Companies have been transitioning their manufacturing jobs to machines for years, but we’re about to see it on a much broader scale, forecasts Sean Brodrick, a leading growth stock expert and editor of Wealth Megatrends.
Robots already perform an estimated 10% of manufacturing functions, and this share is going to go much higher. Oxford Economics estimates that the number of manufacturing jobs replaced by machines could swell up to 20 million by 2030.
The robotics industry is constantly expanding, and the market for both industrial and nonindustrial robots is forecast to grow an average of 26% per year between 2018 and 2025. In 2020, robotics was a $100 billion market. By 2025, it will likely be $209 billion.
Automotive and electronics industries have led the way in use of industrial robots over the past decade, but many more will soon follow. Companies are always trying to maximize production while minimizing costs.

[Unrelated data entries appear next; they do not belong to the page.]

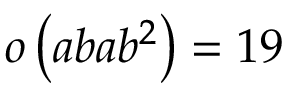<formula> <loc_0><loc_0><loc_500><loc_500>o \left ( a b a b ^ { 2 } \right ) = 1 9</formula> 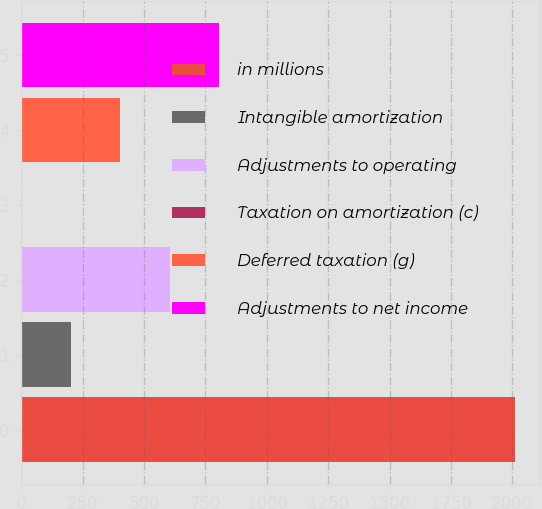<chart> <loc_0><loc_0><loc_500><loc_500><bar_chart><fcel>in millions<fcel>Intangible amortization<fcel>Adjustments to operating<fcel>Taxation on amortization (c)<fcel>Deferred taxation (g)<fcel>Adjustments to net income<nl><fcel>2013<fcel>202.65<fcel>604.95<fcel>1.5<fcel>403.8<fcel>806.1<nl></chart> 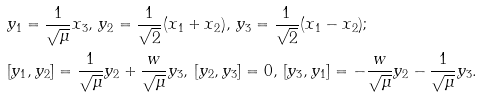<formula> <loc_0><loc_0><loc_500><loc_500>& y _ { 1 } = \frac { 1 } { \sqrt { \mu } } x _ { 3 } , \, y _ { 2 } = \frac { 1 } { \sqrt { 2 } } ( x _ { 1 } + x _ { 2 } ) , \, y _ { 3 } = \frac { 1 } { \sqrt { 2 } } ( x _ { 1 } - x _ { 2 } ) ; \\ & [ y _ { 1 } , y _ { 2 } ] = \frac { 1 } { \sqrt { \mu } } y _ { 2 } + \frac { w } { \sqrt { \mu } } y _ { 3 } , \, [ y _ { 2 } , y _ { 3 } ] = 0 , \, [ y _ { 3 } , y _ { 1 } ] = - \frac { w } { \sqrt { \mu } } y _ { 2 } - \frac { 1 } { \sqrt { \mu } } y _ { 3 } .</formula>

Robots are the perfect way to achieve this because their costs are mostly fixed. Especially during times of economic turmoil, corporations must innovate to provide the most for their shareholders.
COVID-19 has accelerated a reliance on robots to take care of manufacturing because of social-distancing and remote-working requirements as well as supply-chain issues.
Now, we’ll see the same effects as in the past with companies desperately trying to become leaner. They’ve decided that the upfront investment is worth the savings in the long run.
Cognex Corp. (CGNX), which optimizes automation in the workplace for manufacturing and logistics, is well positioned for this surge of demand.
Cognex provides sensors and software that help automate aspects of production, from identifying parts and guiding assembly to providing quality assurance. Its products utilize state-of-theart machine-vision technology to streamline production.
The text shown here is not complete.